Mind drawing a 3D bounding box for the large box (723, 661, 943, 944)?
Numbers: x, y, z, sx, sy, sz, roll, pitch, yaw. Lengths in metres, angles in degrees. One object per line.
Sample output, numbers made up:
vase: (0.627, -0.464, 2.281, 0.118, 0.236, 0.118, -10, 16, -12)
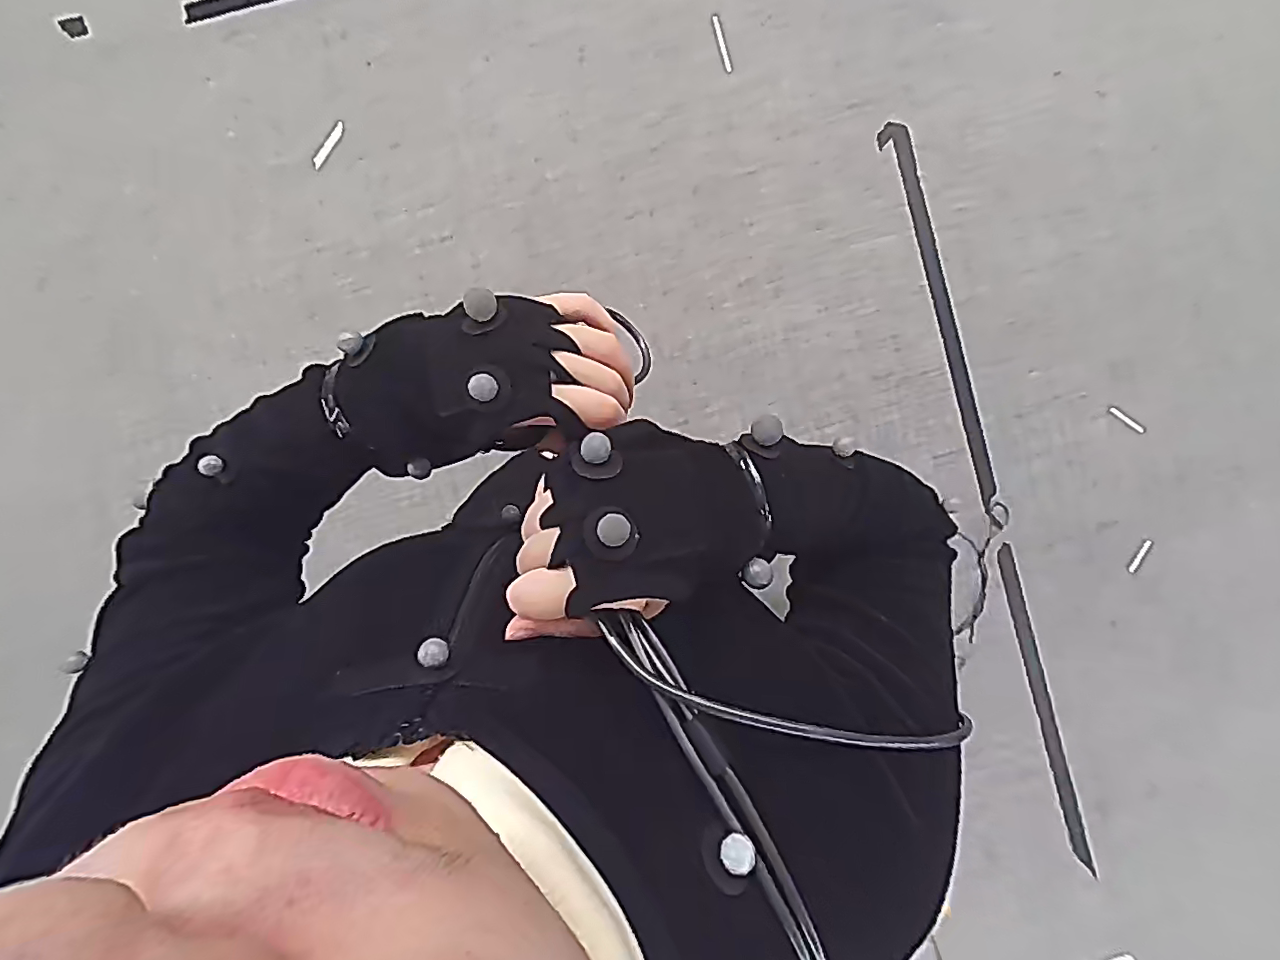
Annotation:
large box: (0.404, 0.683, 1.209, 0.320, 0.320, 0.408, -13, 93, -2)

+===+

*What the task asks:* Without the pictures, extract every entry verbatim.

*Result:*
Mind drawing a 3D bounding box for the large box (723, 661, 943, 944)?
Numbers: x, y, z, sx, sy, sz, roll, pitch, yaw. Lengths in metres, angles in degrees. One object per line.
Sample output, numbers made up:
vase: (0.627, -0.464, 2.281, 0.118, 0.236, 0.118, -10, 16, -12)
Annotation:
large box: (0.404, 0.683, 1.209, 0.320, 0.320, 0.408, -13, 93, -2)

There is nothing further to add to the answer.